● The data
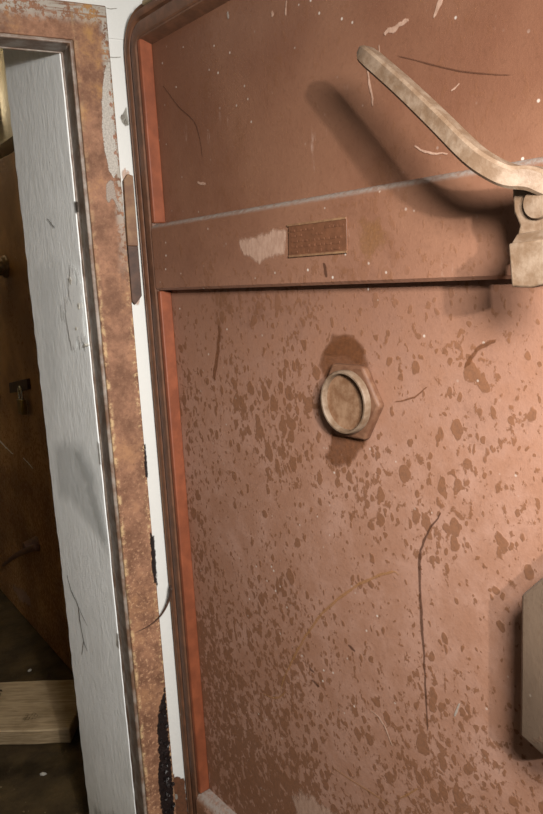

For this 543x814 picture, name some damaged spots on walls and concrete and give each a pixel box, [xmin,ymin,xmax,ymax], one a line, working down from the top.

corrosion [150,533,158,585]
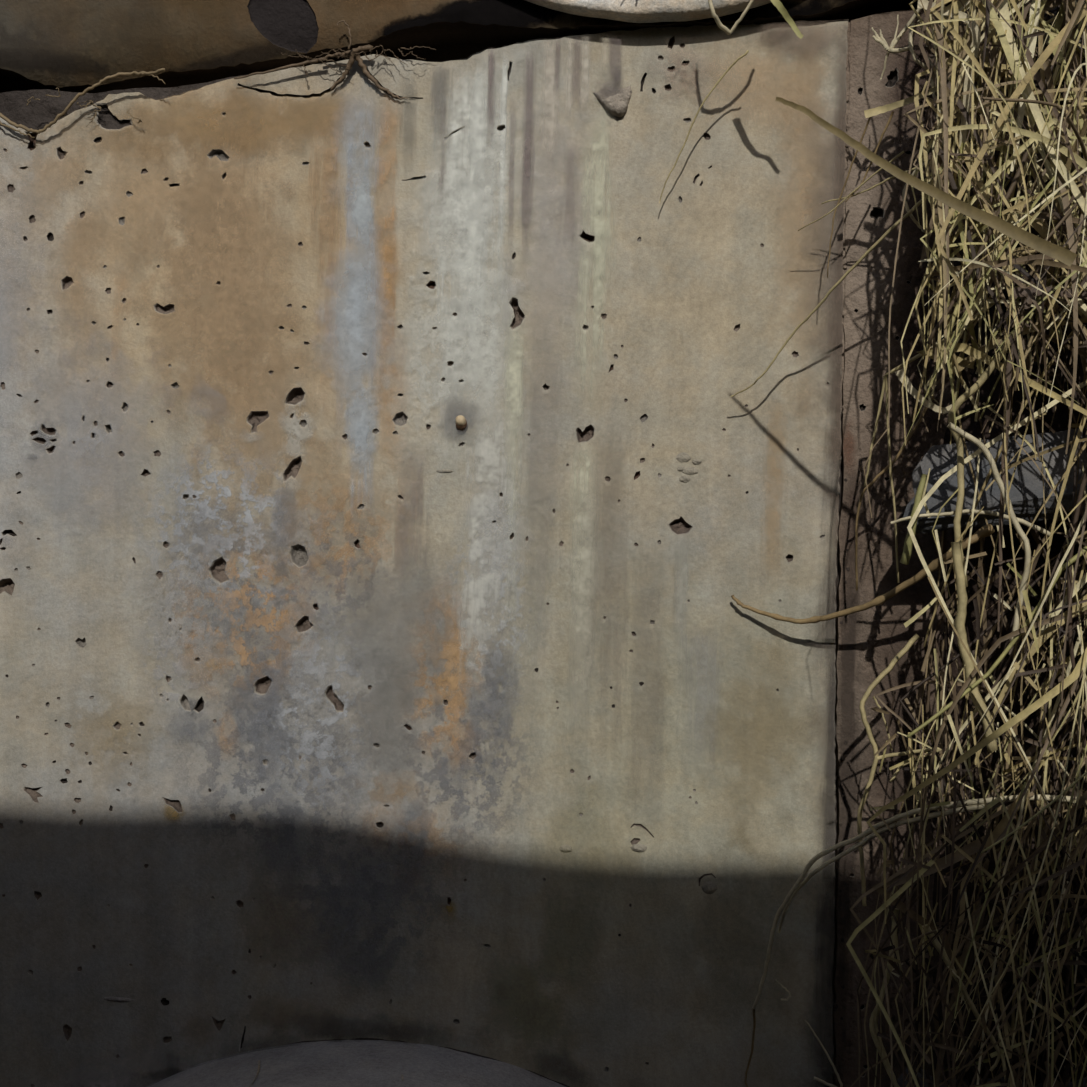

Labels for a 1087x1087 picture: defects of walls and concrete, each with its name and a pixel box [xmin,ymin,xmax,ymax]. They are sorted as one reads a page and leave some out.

spalling [95,103,133,130]
leakage [441,52,507,380]
leakage [594,179,608,310]
leakage [508,350,522,417]
leakage [162,463,285,640]
corrosion [191,566,290,677]
leakage [451,426,522,691]
leakage [228,630,362,823]
corrosion [419,629,471,750]
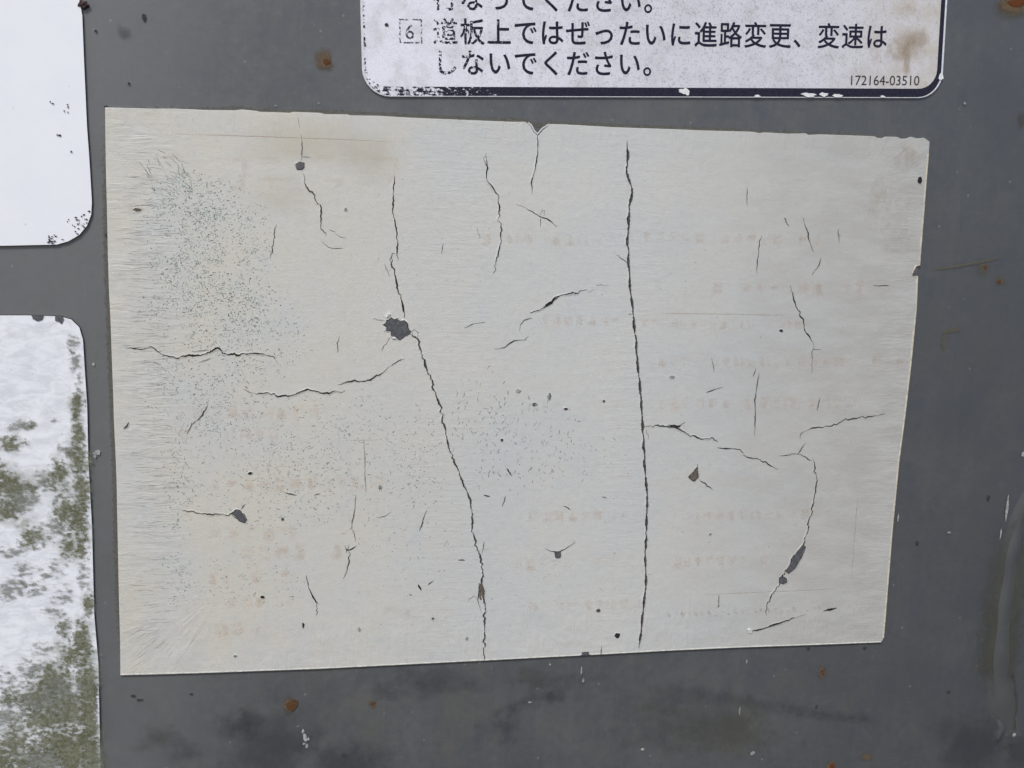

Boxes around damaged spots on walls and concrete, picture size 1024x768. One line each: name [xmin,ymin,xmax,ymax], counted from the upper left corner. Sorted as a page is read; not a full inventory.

crack [117,120,885,667]

● What the task requires
Pictures within the entries must not be reproduced; everything else is to be restated verbatim.

● Solution
For this 543x814 picture, name some damaged spots on walls and concrete and give each a pixel box, [xmin,ymin,xmax,ymax], one a line, working down from the top.

corrosion [150,533,158,585]

Labels for a 1087x1087 picture: defects of walls and concrete, each with its name and a pixel box [xmin,ymin,xmax,ymax]. They are sorted as one reads a page and leave some out.

spalling [95,103,133,130]
leakage [441,52,507,380]
leakage [594,179,608,310]
leakage [508,350,522,417]
leakage [162,463,285,640]
corrosion [191,566,290,677]
leakage [451,426,522,691]
leakage [228,630,362,823]
corrosion [419,629,471,750]

Boxes around damaged spots on walls and concrete, picture size 1024x768. One line each: name [xmin,ymin,xmax,ymax], counted from the upper left corner. Sorted as a page is read; not a full inventory.

crack [117,120,885,667]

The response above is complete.